For more than a decade, AIMS has published papers and Commentaries about Canada’s equalization program, pointing out its flaws and making suggestions for improvement.

As the Senate Standing Committee on National Finance met to discuss the issue of equalization and examine whether there is a fiscal imbalance, it turned to AIMS for answers. AIMS vice president Charles Cirtwill and policy analyst Bobby O’Keefe travelled to Ottawa to meet with the Senate Committee.

The resulting Commentary is called “The Brick on the Scale: How Equalization weighs heavily on us all.” 

It draws on AIMS indepth research, including its most recent series which gained headlines and comments across the country. Over-equalized shows that equalization receiving provinces often spend more on government services than non-equalization receiving provinces.

As Cirtwill told the Senators, “Equalization receiving provinces tend to have larger numbers of public service employees on a per capita basis and pay their public servants a greater wage premium (compared to the average industrial wage) than the national average of these measures. On top of this, the equalization receivers have higher than average debt levels.”

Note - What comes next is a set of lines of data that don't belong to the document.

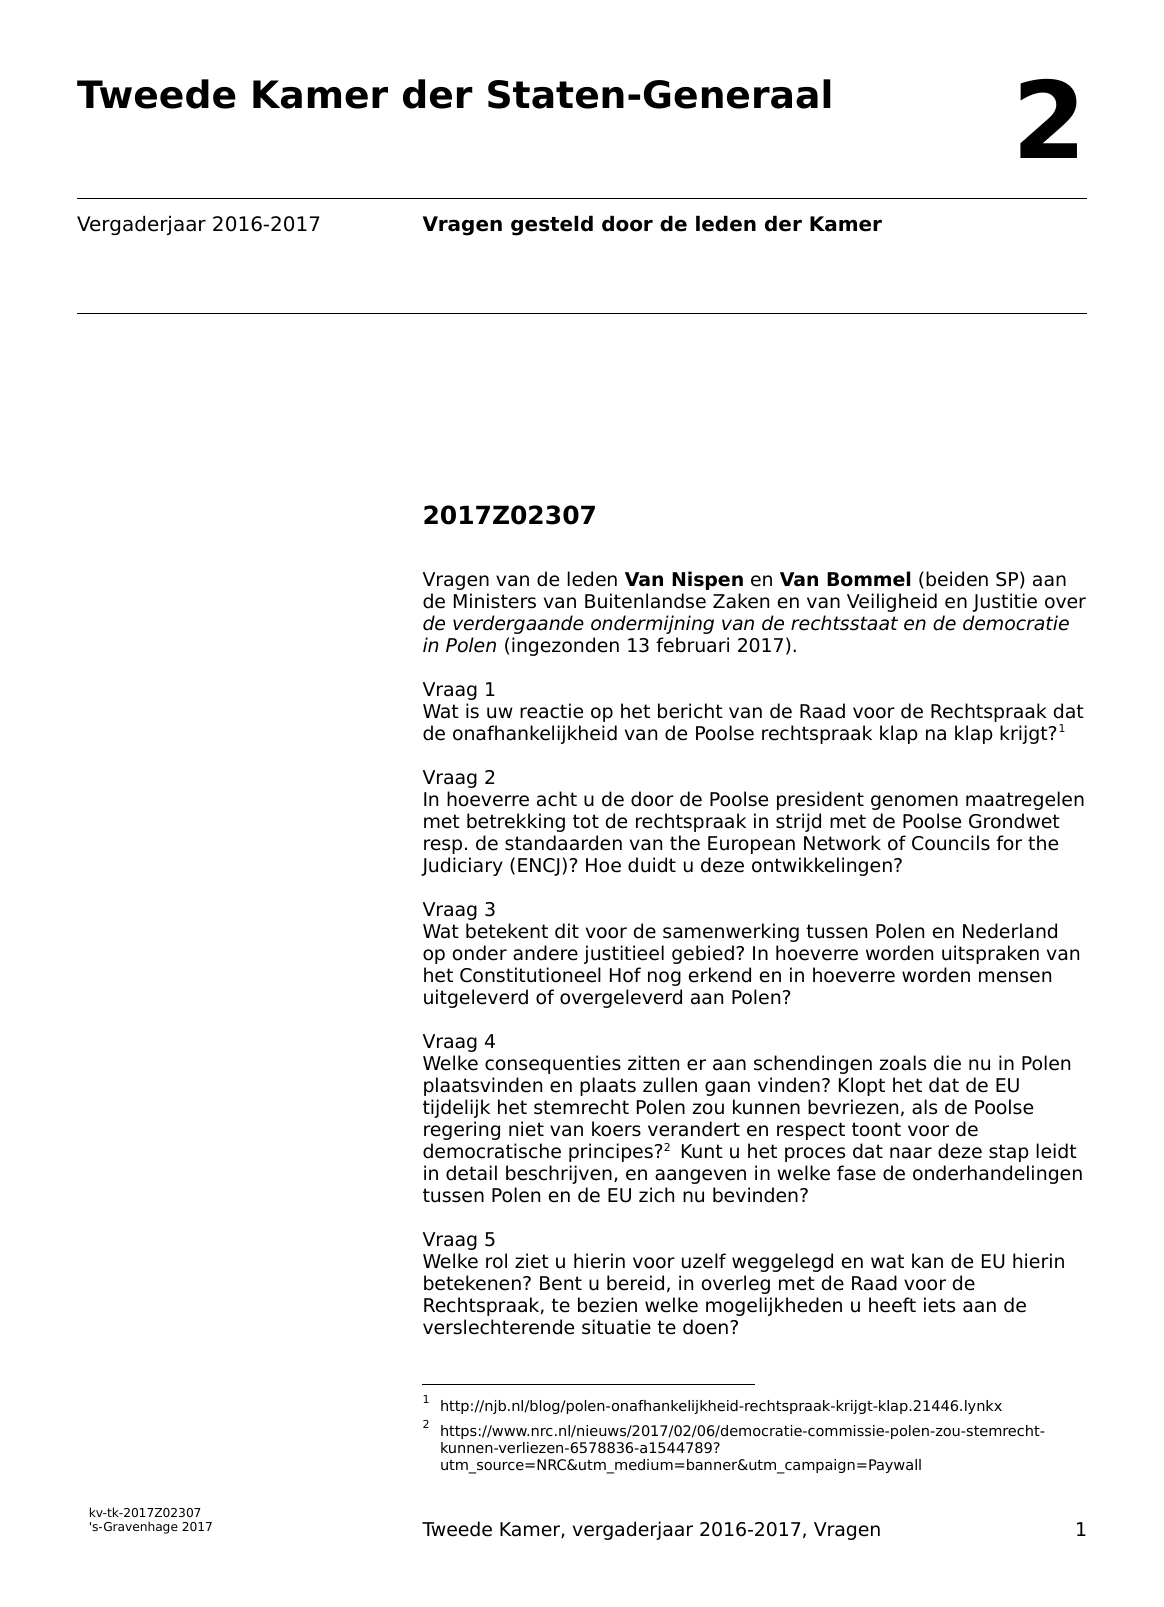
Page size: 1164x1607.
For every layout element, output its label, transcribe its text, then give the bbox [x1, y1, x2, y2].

text Vraag 3 [422, 899, 1087, 921]
text Vraag 2 [422, 767, 1087, 789]
table_cell Vergaderjaar 2016-2017 [77, 199, 422, 313]
text Wat is uw reactie op het bericht van de Raad voor de Rechtspraak dat de onafhankelijkheid van de Poolse rechtspraak klap na klap krijgt? [422, 701, 1087, 745]
table_header 2 [886, 59, 1087, 198]
text Vraag 1 [422, 679, 1087, 701]
table_cell Vragen gesteld door de leden der Kamer [422, 199, 1087, 313]
text Vraag 4 [422, 1031, 1087, 1053]
text In hoeverre acht u de door de Poolse president genomen maatregelen met betrekking tot de rechtspraak in strijd met de Poolse Grondwet resp. de standaarden van the European Network of Councils for the Judiciary (ENCJ)? Hoe duidt u deze ontwikkelingen? [422, 789, 1087, 877]
text Vraag 5 [422, 1229, 1087, 1251]
text kv-tk-2017Z02307 [88, 1506, 323, 1520]
text Vragen van de leden Van Nispen en Van Bommel (beiden SP) aan de Ministers van Buitenlandse Zaken en van Veiligheid en Justitie over de verdergaande ondermijning van de rechtsstaat en de democratie in Polen (ingezonden 13 februari 2017). [422, 569, 1087, 657]
text http://njb.nl/blog/polen-onafhankelijkheid-rechtspraak-krijgt-klap.21446.lynkx [422, 1393, 1087, 1416]
text 2017Z02307 [422, 501, 1087, 531]
table_header Tweede Kamer der Staten-Generaal [77, 59, 886, 198]
text Welke rol ziet u hierin voor uzelf weggelegd en wat kan de EU hierin betekenen? Bent u bereid, in overleg met de Raad voor de Rechtspraak, te bezien welke mogelijkheden u heeft iets aan de verslechterende situatie te doen? [422, 1251, 1087, 1339]
text https://www.nrc.nl/nieuws/2017/02/06/democratie-commissie-polen-zou-stemrecht-kunnen-verliezen-6578836-a1544789?utm_source=NRC&utm_medium=banner&utm_campaign=Paywall [422, 1418, 1087, 1474]
text Welke consequenties zitten er aan schendingen zoals die nu in Polen plaatsvinden en plaats zullen gaan vinden? Klopt het dat de EU tijdelijk het stemrecht Polen zou kunnen bevriezen, als de Poolse regering niet van koers verandert en respect toont voor de democratische principes? Kunt u het proces dat naar deze stap leidt in detail beschrijven, en aangeven in welke fase de onderhandelingen tussen Polen en de EU zich nu bevinden? [422, 1053, 1087, 1207]
text Wat betekent dit voor de samenwerking tussen Polen en Nederland op onder andere justitieel gebied? In hoeverre worden uitspraken van het Constitutioneel Hof nog erkend en in hoeverre worden mensen uitgeleverd of overgeleverd aan Polen? [422, 921, 1087, 1009]
text 's-Gravenhage 2017 [88, 1520, 323, 1534]
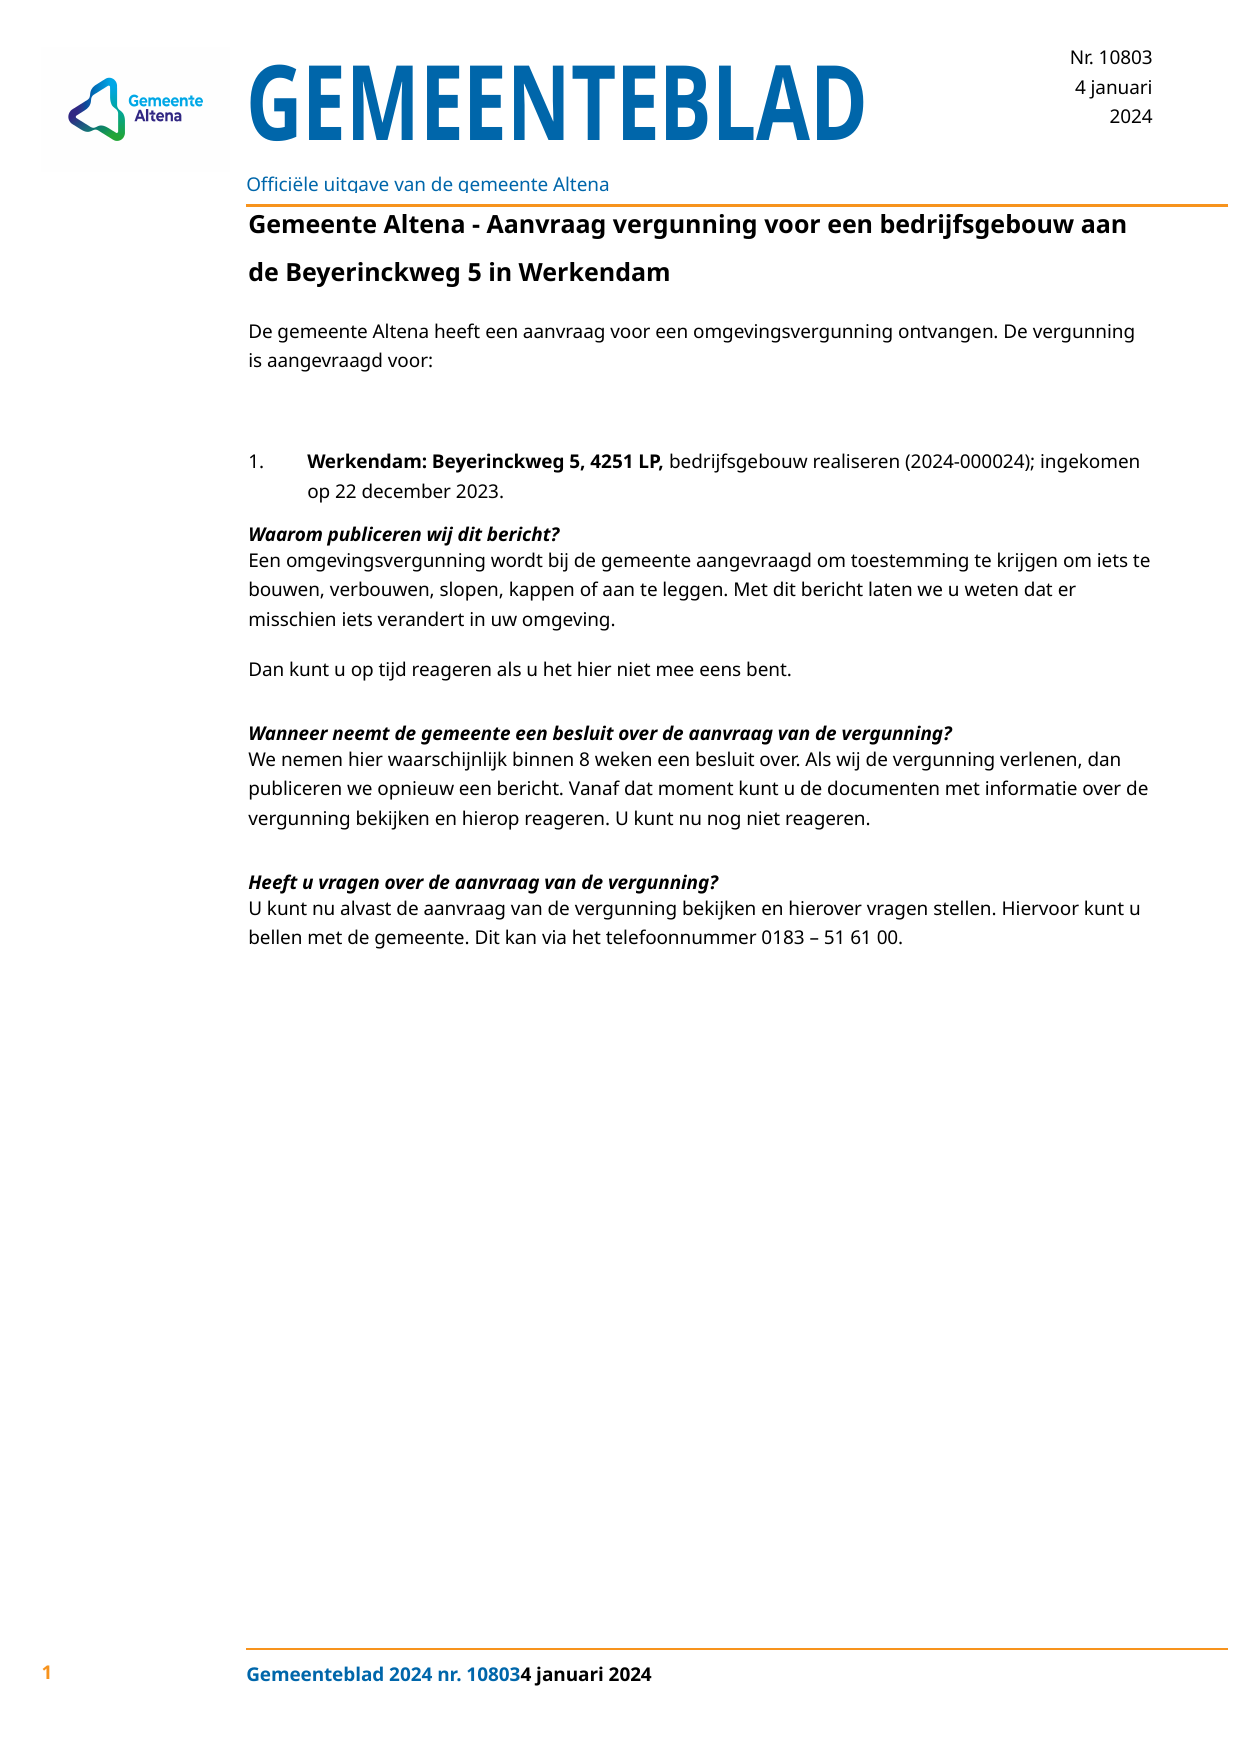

He explained that while not eliminating the need for equalization, the AIMS analysis provides further support to the argument that the current system over-equalizes, with the result that the extra cash is captured by well-organized public servants — who turn the extra money into either substantially higher wage premiums, extra public employees, or both — or it allows politicians to shift taxation into the future by using equalization to finance high levels of public debt.